(Republished from The Fifth Chapter Blog, original date 10/29/11)
I have finished my Saturday chores. A practice that still evokes my mother busily catching up on cleaning after a week of full time work, and prodding me to do the same. She always told me her mother said, “Do your duties before you play” so I could not go out and play until we were finished! So, I learned to get the chores out of the way.

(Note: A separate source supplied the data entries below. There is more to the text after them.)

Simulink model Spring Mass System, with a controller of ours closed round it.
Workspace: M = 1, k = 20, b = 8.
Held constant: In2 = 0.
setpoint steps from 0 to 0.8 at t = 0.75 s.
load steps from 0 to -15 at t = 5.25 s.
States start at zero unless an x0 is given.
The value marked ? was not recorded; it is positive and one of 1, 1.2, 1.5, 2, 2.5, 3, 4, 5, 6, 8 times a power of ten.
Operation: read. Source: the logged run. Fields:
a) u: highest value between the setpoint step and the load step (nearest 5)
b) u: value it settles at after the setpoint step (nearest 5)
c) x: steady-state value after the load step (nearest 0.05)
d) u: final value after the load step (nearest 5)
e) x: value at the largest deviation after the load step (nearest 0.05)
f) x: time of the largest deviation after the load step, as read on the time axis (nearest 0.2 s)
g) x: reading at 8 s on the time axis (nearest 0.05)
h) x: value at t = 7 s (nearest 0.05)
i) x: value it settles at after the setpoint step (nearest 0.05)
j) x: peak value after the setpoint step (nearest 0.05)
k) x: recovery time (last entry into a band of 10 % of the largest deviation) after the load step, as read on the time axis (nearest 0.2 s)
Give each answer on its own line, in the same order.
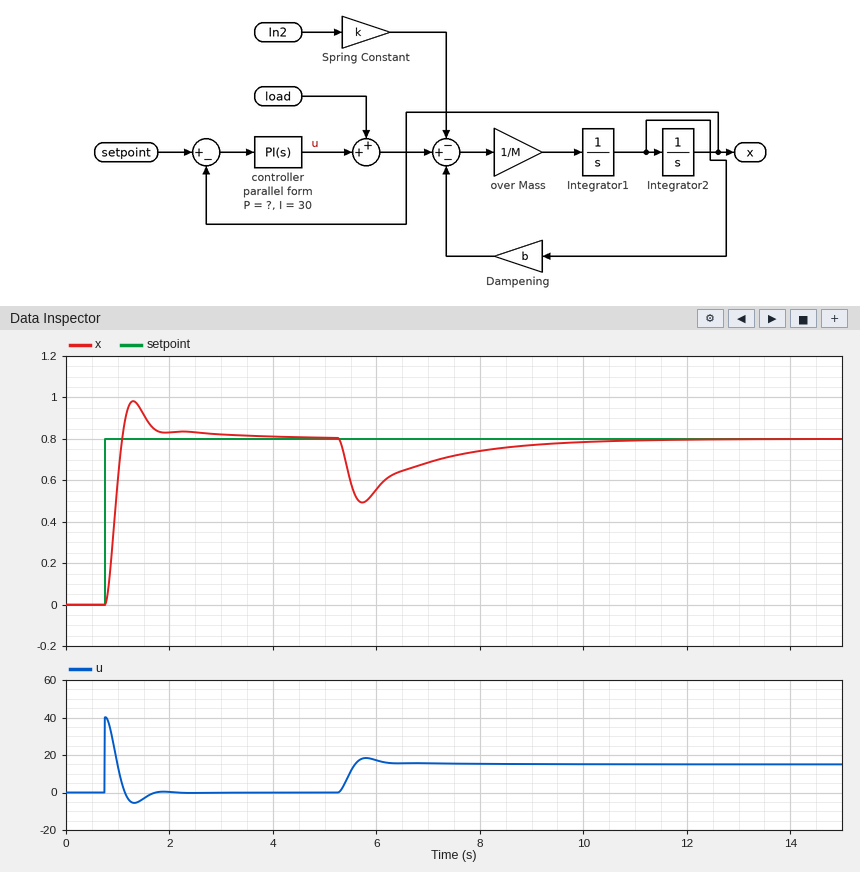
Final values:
40
0
0.80
15
0.50
5.8 s
0.75
0.70
0.80
1.00
9.0 s
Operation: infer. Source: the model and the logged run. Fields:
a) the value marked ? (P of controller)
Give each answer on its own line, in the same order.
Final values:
50
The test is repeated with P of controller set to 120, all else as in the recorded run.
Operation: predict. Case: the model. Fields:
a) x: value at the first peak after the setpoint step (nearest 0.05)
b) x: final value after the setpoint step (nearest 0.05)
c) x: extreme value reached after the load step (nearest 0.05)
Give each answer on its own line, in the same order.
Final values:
1.05
0.80
0.65
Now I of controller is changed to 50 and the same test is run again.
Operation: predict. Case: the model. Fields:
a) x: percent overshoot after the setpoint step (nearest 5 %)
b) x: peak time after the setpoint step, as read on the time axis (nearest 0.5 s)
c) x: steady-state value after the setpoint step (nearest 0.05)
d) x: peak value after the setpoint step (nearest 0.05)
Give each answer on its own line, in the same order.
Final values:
30 %
1.5 s
0.80
1.05

I can’t say it is a pleasant Saturday memory, but I passed it on to my children as well. Of course I tried to make it more fun. We had a “chore” box. Whoever got started first could choose their job. Also, the chores helped them fill up a bead jar to earn beads for movies. They learned how to get through the fewest chores for the most movie time. For a while, I wasn’t sure they had learned to clean up after themselves, much less clean a house. Then came college and roommates and “Oh, wow, I can’t believe how sloppy other people live.” Voila, they now have cleaning days, or so I hear.
If I were to think about the legacy my mother will leave, the Saturday cleaning day will be an aspect of her legacy. If she had been thinking about legacy planning, I wonder if that would have made her list. I know it would not make mine; but it has already been passed on. And, really what’s not to like about a clean house once in a while?
With the passing of Steve Jobs and Al Davis recently, the type of legacy a person leaves behind rolls around in my mind. I look at the stuff I clean and organize and try to use or give away. None of it says “legacy” to me. Still, I am convinced that even people who are not famous or wealthy can leave a legacy. I know my grandmother did.
Some, like Bernie Madoff will leave a bitter legacy behind. Others, like Steve Jobs, leave a bright and shining world of promise in their legacy. I heard that Steve Jobs chose to fight his pancreatic cancer with holistic method rather than traditional cancer treatment. While he might have regretted that decision, given the odds of surviving this type of cancer, maybe he chose the option to give him the fewest sick days so he could influence the legacy he would leave behind.
Without the pressure of an illness, it is difficult to see how our daily choices really affect what legacy we will leave. But a legacy is built over time; one choice at a time. If I imagine what kind of world I would like to see in the next 50 years, I begin to touch the heart of legacy planning. These are where our hopes and dreams take on a life and become something new in the next generation. We choose our own legacy by living an intentional life; doing what we value; following through on our commitments; and, offering something from our “well of riches” to help others. What we do in the next 5 minutes can change the world. Now, where did I put those reusable grocery bags?
What do you imagine for 50 years in the future? What will you do to influence this vision?